Like Santa’s elves, we hauled the goods from Black Friday shopping back to my aunt and uncle’s house in Rose Bud. The rest of the day was filled with a few unfulfilling hours of exhausted sleep, then plates of leftover turkey, potatoes and corn, and, finally, calls to my family in Indiana. I hadn’t wanted to ruin Thanksgiving for them, or me, by telling anyone about my upcoming yearlong deployment. Whenever a substantial struggle presented itself in my life (divorce, sickness, a year in a war zone away from my sons), it was important that, before I told anyone the news, I was able to handle the concerned reactions. Sometimes, the love of others was too heavy to carry when I was barely able to lift my own chin. All my energy went to simply functioning. Until my marriage was breaking, I never realized the strength needed just to share my life with others. I barely survived telling family and friends when my husband moved out, and now I had to tell them about my deployment, while calming their fears that I wasn’t going to have a nervous breakdown. Unsure if I was rebuilt enough to handle this next struggle, I started dialing the numbers, and the phone calls to family and friends were, as expected, exhausting.
“I’ve been selected for a 365 to Afghanistan. I leave for pre-deployment training on the third of January.” It didn’t matter very much who received the news; the responses were interchangeable.
“Oh, Nancy, honey! Where are the boys going to go? Won’t you miss their birthdays and holidays? How are you going to get ready to leave in just 30 days? Gone for a whole year! Why would you need to go for an entire year? Will you be in danger? You won’t recognize the boys when you get back.”
I knew they didn’t mean to be cruel. The concern simply voiced every fear and doubt that resided in my head. But I knew the fears and doubts I held inside were also held by the people who loved me. They wanted me to give calming, reasonable, panic-dampening answers to reassure them that I was okay with the deployment. If I was okay, they could be okay, too. I could bear the weight of nearly all their concerns except one: “What does your husband say?”

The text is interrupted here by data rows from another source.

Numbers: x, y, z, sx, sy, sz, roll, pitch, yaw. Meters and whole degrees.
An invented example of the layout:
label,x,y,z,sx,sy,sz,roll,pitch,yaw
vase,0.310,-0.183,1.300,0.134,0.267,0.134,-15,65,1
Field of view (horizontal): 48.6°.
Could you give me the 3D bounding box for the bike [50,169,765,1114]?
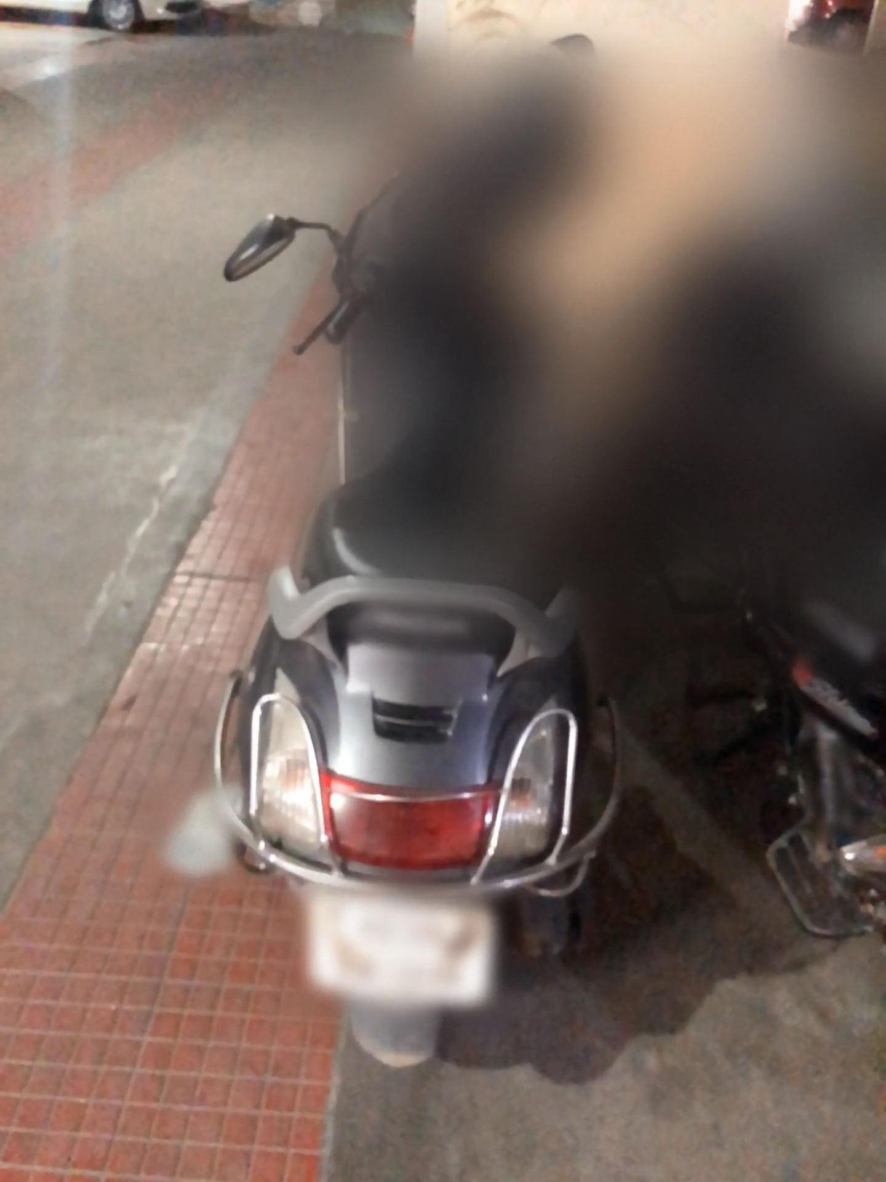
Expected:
label,x,y,z,sx,sy,sz,roll,pitch,yaw
bike,-0.128,-0.090,1.734,0.594,0.988,1.502,1,31,-5
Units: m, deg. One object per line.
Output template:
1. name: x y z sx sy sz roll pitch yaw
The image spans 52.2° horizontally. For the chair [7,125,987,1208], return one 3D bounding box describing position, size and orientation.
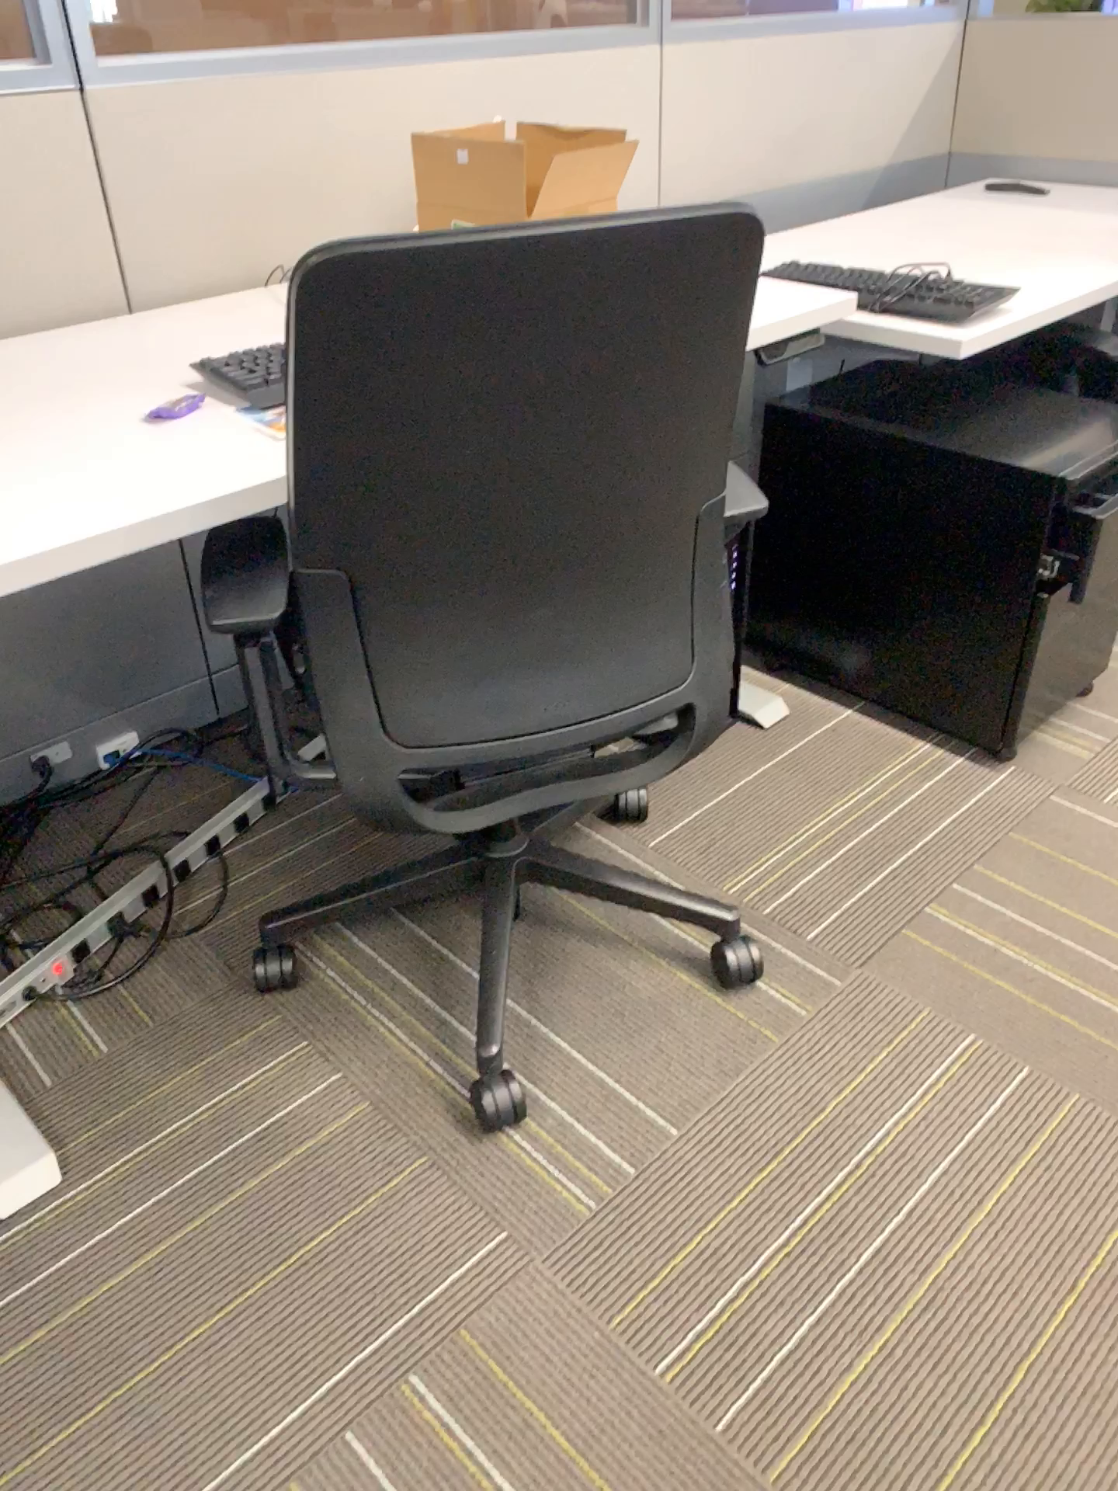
1. chair: -0.101 -0.177 1.389 0.700 0.934 0.754 -20 37 -25

The phone call to my stranger-like husband wouldn’t come until after we returned to Illinois. I needed time. I needed to pretend, for just awhile longer, that I could laugh again, and feel content again, and be normal again, because it had been so long that I almost forgot that I could. I needed the extra days to wrap my mind around the implications of this deployment. I had never deployed as a mother before. I had never deployed for a year before, and I was being sent to the same location where my husband became a stranger in the first place. My hand shook as I dialed the number to his cell phone.